Sure! Let's evaluate the expression [tex]\(4! \cdot 3!\)[/tex] step-by-step.
### Step 1: Calculate [tex]\(4!\)[/tex]
The factorial of a number [tex]\(n\)[/tex] (written as [tex]\(n!\)[/tex]) is the product of all positive integers less than or equal to [tex]\(n\)[/tex]. So, for [tex]\(4!\)[/tex]:
[tex]\[
4! = 4 \times 3 \times 2 \times 1
\][/tex]
Calculating this:
[tex]\[
4 \times 3 = 12
\][/tex]
[tex]\[
12 \times 2 = 24
\][/tex]
[tex]\[
24 \times 1 = 24
\][/tex]
So, [tex]\(4! = 24\)[/tex].
### Step 2: Calculate [tex]\(3!\)[/tex]
Similarly, for [tex]\(3!\)[/tex]:
[tex]\[
3! = 3 \times 2 \times 1
\][/tex]
Calculating this:
[tex]\[
3 \times 2 = 6
\][/tex]
[tex]\[
6 \times 1 = 6
\][/tex]
So, [tex]\(3! = 6\)[/tex].
### Step 3: Multiply [tex]\(4!\)[/tex] and [tex]\(3!\)[/tex]
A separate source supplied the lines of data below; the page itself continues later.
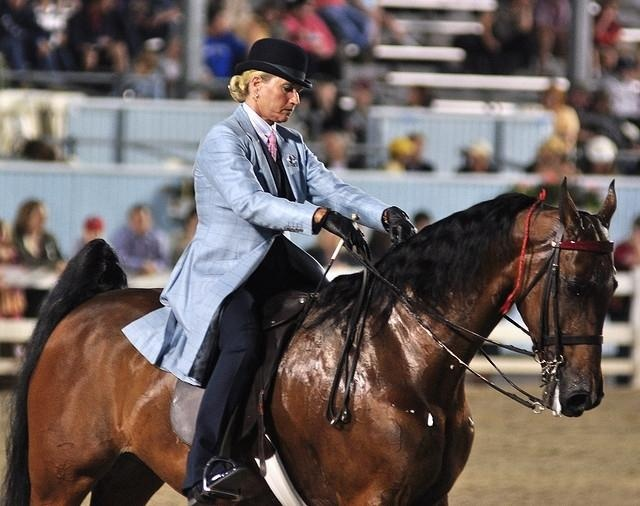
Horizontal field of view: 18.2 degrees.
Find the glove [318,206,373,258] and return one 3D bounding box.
[{"bbox_3d":[0.213,-0.157,17.079,0.129,0.475,0.277,-33,19,24],"label":"glove"}]

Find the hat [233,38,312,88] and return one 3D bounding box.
[{"bbox_3d":[-0.369,-1.713,17.323,0.486,0.275,0.423,11,1,13],"label":"hat"}]

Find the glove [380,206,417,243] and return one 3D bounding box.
[{"bbox_3d":[0.652,-0.218,17.297,0.215,0.355,0.104,5,-34,-36],"label":"glove"}]
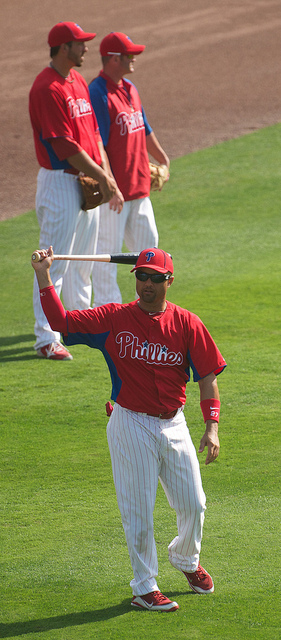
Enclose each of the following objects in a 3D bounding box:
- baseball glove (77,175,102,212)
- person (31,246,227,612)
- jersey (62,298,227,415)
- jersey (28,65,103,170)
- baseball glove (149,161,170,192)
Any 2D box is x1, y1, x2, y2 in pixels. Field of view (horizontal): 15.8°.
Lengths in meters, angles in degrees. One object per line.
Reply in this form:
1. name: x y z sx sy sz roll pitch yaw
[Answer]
1. baseball glove: -0.327 -0.828 6.534 0.072 0.177 0.143 13 28 32
2. person: 0.059 0.450 4.576 0.652 1.363 0.903 -15 28 -28
3. jersey: 0.022 0.174 4.537 0.718 0.532 0.228 2 -11 -5
4. jersey: -0.433 -1.269 6.469 0.484 0.657 0.368 -22 31 -38
5. baseball glove: 0.124 -1.082 7.461 0.114 0.181 0.241 -27 30 9
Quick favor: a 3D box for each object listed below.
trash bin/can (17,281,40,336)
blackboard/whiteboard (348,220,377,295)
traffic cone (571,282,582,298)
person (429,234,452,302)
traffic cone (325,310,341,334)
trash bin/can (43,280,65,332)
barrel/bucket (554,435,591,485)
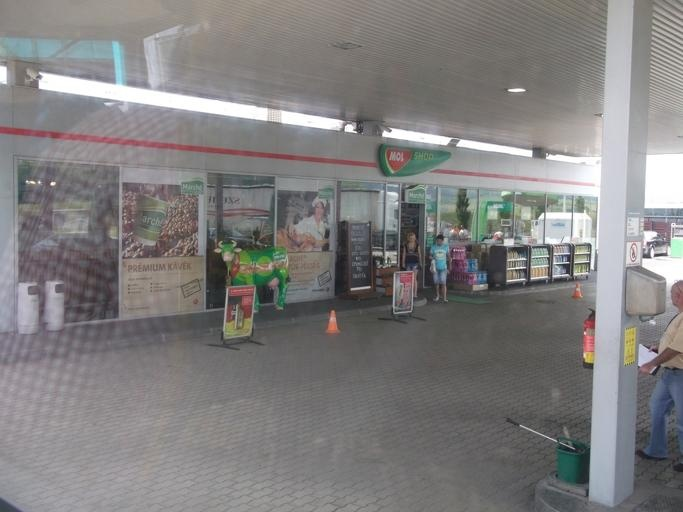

Now that we have [tex]\(4! = 24\)[/tex] and [tex]\(3! = 6\)[/tex], we need to multiply these two values together:
[tex]\[
4! \cdot 3! = 24 \cdot 6
\][/tex]
Calculating this:
[tex]\[
24 \times 6 = 144
\][/tex]
### Conclusion
Therefore, the result of the expression [tex]\(4! \cdot 3!\)[/tex] is 144. So, the correct answer is 144.